Reuters is reporting that ex-Egyptian President Hosni Mubarak has been put on life support after suffering a stroke Tuesday. There have been conflicting reports about his current condition and some news sites even reported that Mubarak was dead.
The Egyptian state media initially quoted medical officials as saying Mubarak was "clinically dead," Reuters reports.
Several sources in the military and security services are now saying that Mubarak, 84, is on life support, but that "clinically dead" is not an accurate way to describe his condition.
"He is not clinically dead as reported, but his health is deteriorating and he is in critical condition, Gen. Mamdouh Shaheen, a member of the Supreme Council of the Armed Forces, told CNN.
Dr Lee Becker, a University of Pennsylvania and spokesman for the American Heart Association, said it is extremely difficult to define the term "clinically dead," The AP reports.
Dr. Becker is not involved in Mubarak's treatment, but speculated that some sort of event had made his heart stop temporarily. He explained that being on life support doesn't mean he's "clinically dead," and it doesn't mean his condition is irreversible.
"Life support can be used to keep his blood circulating and replace breathing if he is unable to do so on his own," Becker said.

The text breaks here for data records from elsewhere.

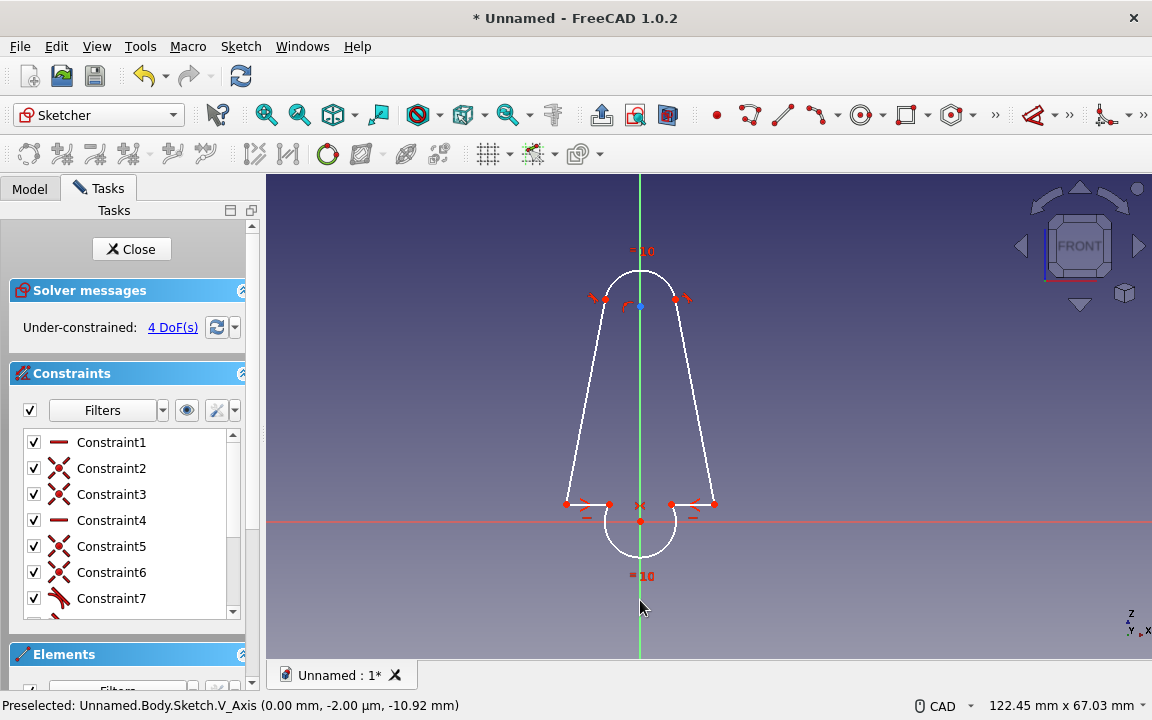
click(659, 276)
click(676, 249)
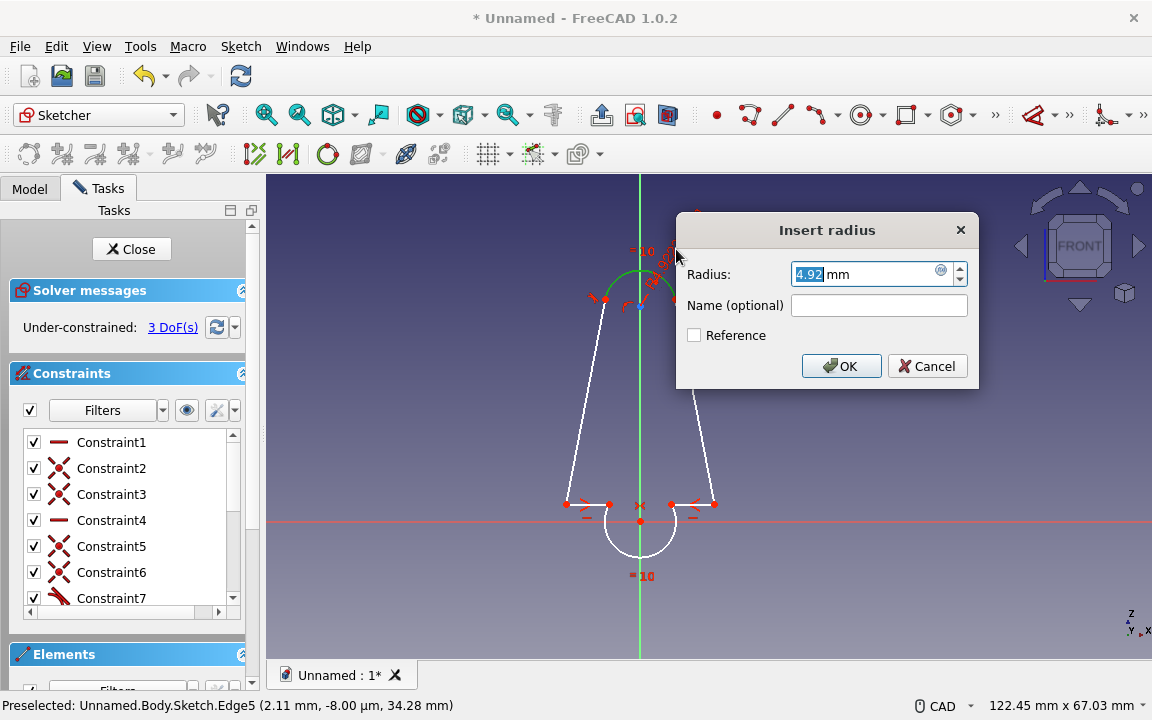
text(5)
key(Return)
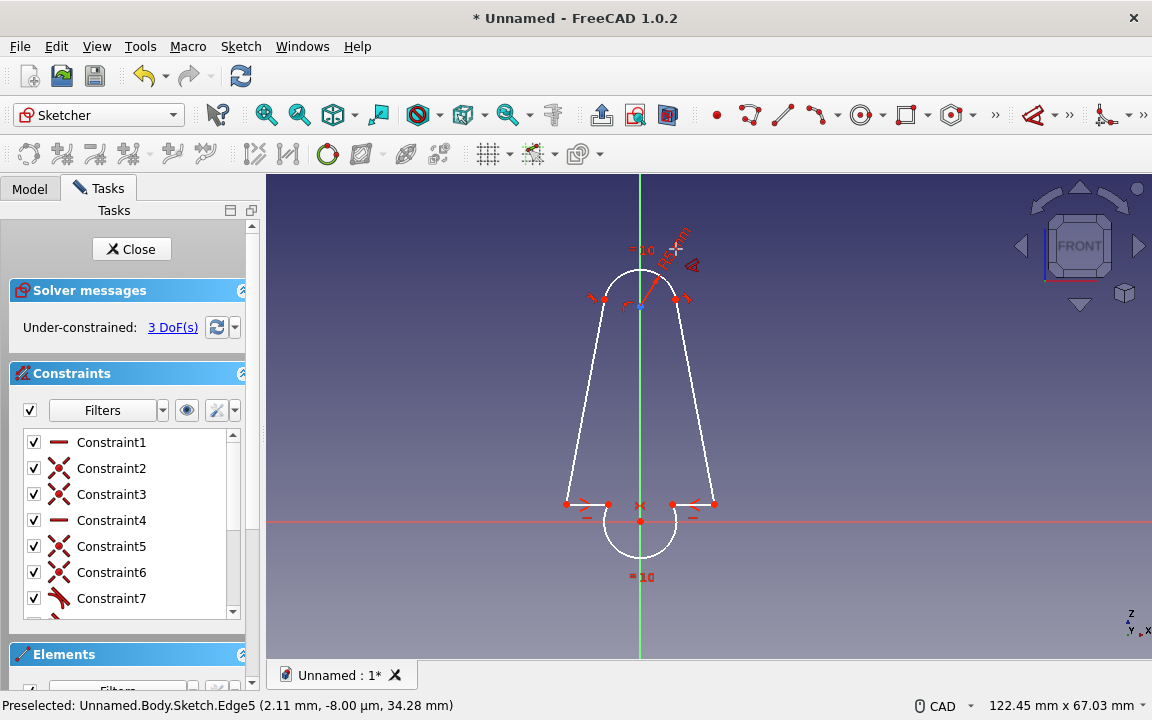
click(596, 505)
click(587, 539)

Digital Journal reported earlier that Mubarak, 84, had suffered a stroke, and that his heart had stopped, and that CPR and electric shocks were used to revive him. Many sources close to the situation had predicted Mubarak would be moved from a prison hospital to a military facility.
Mubarak has been moved to a military hospital, The AP reports.
Mubarak's wife Suzanne is reportedly by his side in the ICU.
Mubarak's lawyer, Fareed El Deeb told CNN that his client had been in a coma for hours.
His condition could mirror that of former Israeli Prime Minister Ariel Sharon, The AP reports.
It is not known whether there is any similarity between Sharon and Mubarak's conditions. Sharon suffered a massive stroke in 2006. Brain surgeons performed various operations and intensive treatments, but Sharon, 84, never regained consciousness. He is still alive, but is on life support in a deep coma.